Is there a way to write a shorthand formula for all but few variable?
e.g.,
Instead of
modreg_trein <- lm(Life.expectancy ~ Status + Life.expectancy + Adult.Mortality + infant.deaths + percentage.expenditure + Hepatitis.B + Measles + BMI + under.five.deaths + Polio + Diphtheria + HIV.AIDS + GDP + Population + thinness..1.19.years + thinness.5.9.years + Income.composition.of.resources + Schooling , life_2015_clean)

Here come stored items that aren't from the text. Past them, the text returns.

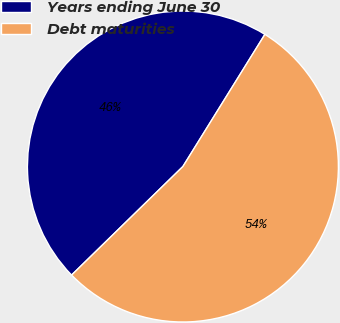Convert chart. <chart><loc_0><loc_0><loc_500><loc_500><pie_chart><fcel>Years ending June 30<fcel>Debt maturities<nl><fcel>46.14%<fcel>53.86%<nl></chart> 
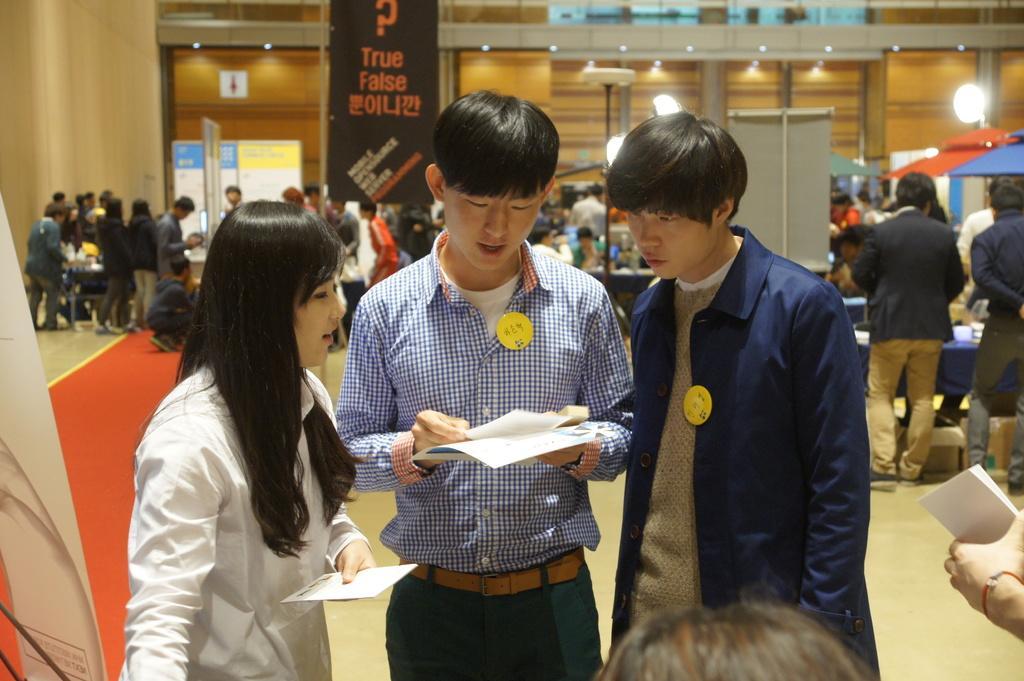In one or two sentences, can you explain what this image depicts? In this image we can see three people standing on the floor and holding some papers in their hands. In front of them there is a head of a person. In the back of them there are so many people standing, in front of them there is a table. In the background there is a wall and lights. 
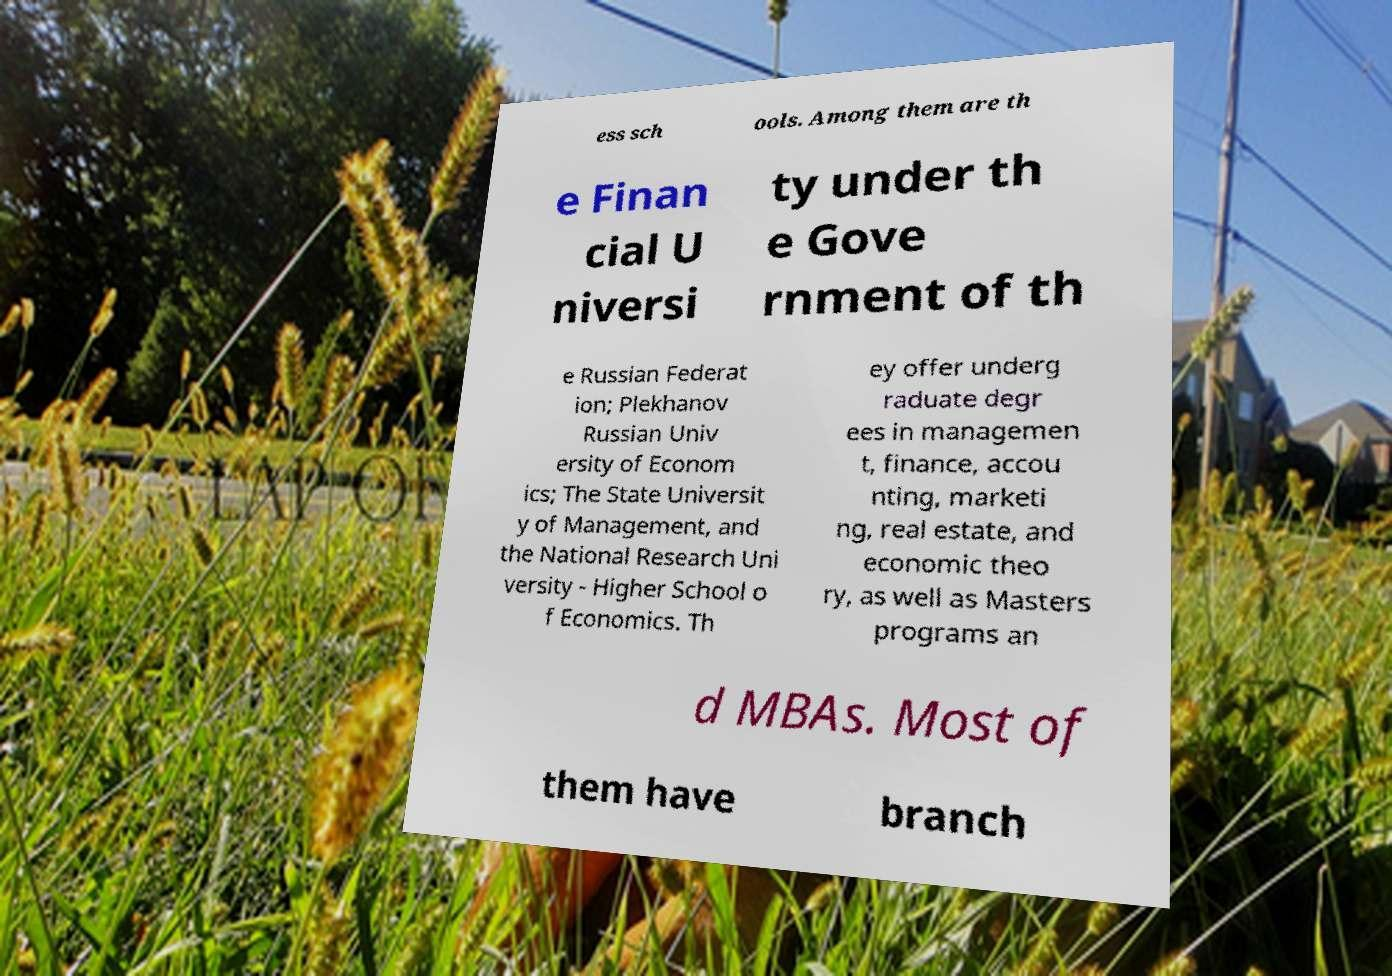Could you extract and type out the text from this image? ess sch ools. Among them are th e Finan cial U niversi ty under th e Gove rnment of th e Russian Federat ion; Plekhanov Russian Univ ersity of Econom ics; The State Universit y of Management, and the National Research Uni versity - Higher School o f Economics. Th ey offer underg raduate degr ees in managemen t, finance, accou nting, marketi ng, real estate, and economic theo ry, as well as Masters programs an d MBAs. Most of them have branch

I would like to write something like
modreg_trein <- lm(Life.expectancy ~ . - Alcohol - Total.expenditure, data = life_2015_clean)
EDIT: MWE
Data available in: https://www.kaggle.com/augustus0498/life-expectancy-who?select=led.csv
Procedure to reproduction:
life <- read.csv('./data/csv/Life_Expectancy_Data.csv')
life_2015 <- subset(life, Year=="2015")
life_2015_clean <- subset(life_2015, select=-c(Country, Year))
life_2015_clean$Status <- as.numeric(as.factor(life_2015_clean$Status))
Finally, manually inputting all variables but Alcohol and Total.expenditure, gives a successful regression.
modreg_trein <- lm(Life.expectancy ~ Status + Adult.Mortality + infant.deaths + percentage.expenditure + Hepatitis.B + Measles + BMI + under.five.deaths + Polio + Diphtheria + HIV.AIDS + GDP + Population + thinness..1.19.years + thinness.5.9.years + Income.composition.of.resources + Schooling , life_2015_clean)
summary(modreg_trein)
Call:
lm(formula = Life.expectancy ~ Status + Adult.Mortality + infant.deaths +
percentage.expenditure + Hepatitis.B + Measles + BMI + under.five.deaths +
Polio + Diphtheria + HIV.AIDS + GDP + Population + thinness..1.19.years +
thinness.5.9.years + Income.composition.of.resources + Schooling,
data = life_2015_clean)
Residuals:
Min 1Q Median 3Q Max
-7.3326 -1.4047 0.0247 1.5478 7.9440
Coefficients:
Estimate Std. Error t value Pr(>|t|)
(Intercept) 5.083e+01 3.024e+00 16.807 < 2e-16 ***
Status -3.824e-01 8.332e-01 -0.459 0.6472
Adult.Mortality -2.077e-02 3.619e-03 -5.738 8.29e-08 ***
infant.deaths 6.626e-02 3.291e-02 2.013 0.0465 *
percentage.expenditure 5.575e-03 7.362e-03 0.757 0.4505
Hepatitis.B 4.311e-02 2.264e-02 1.904 0.0595 .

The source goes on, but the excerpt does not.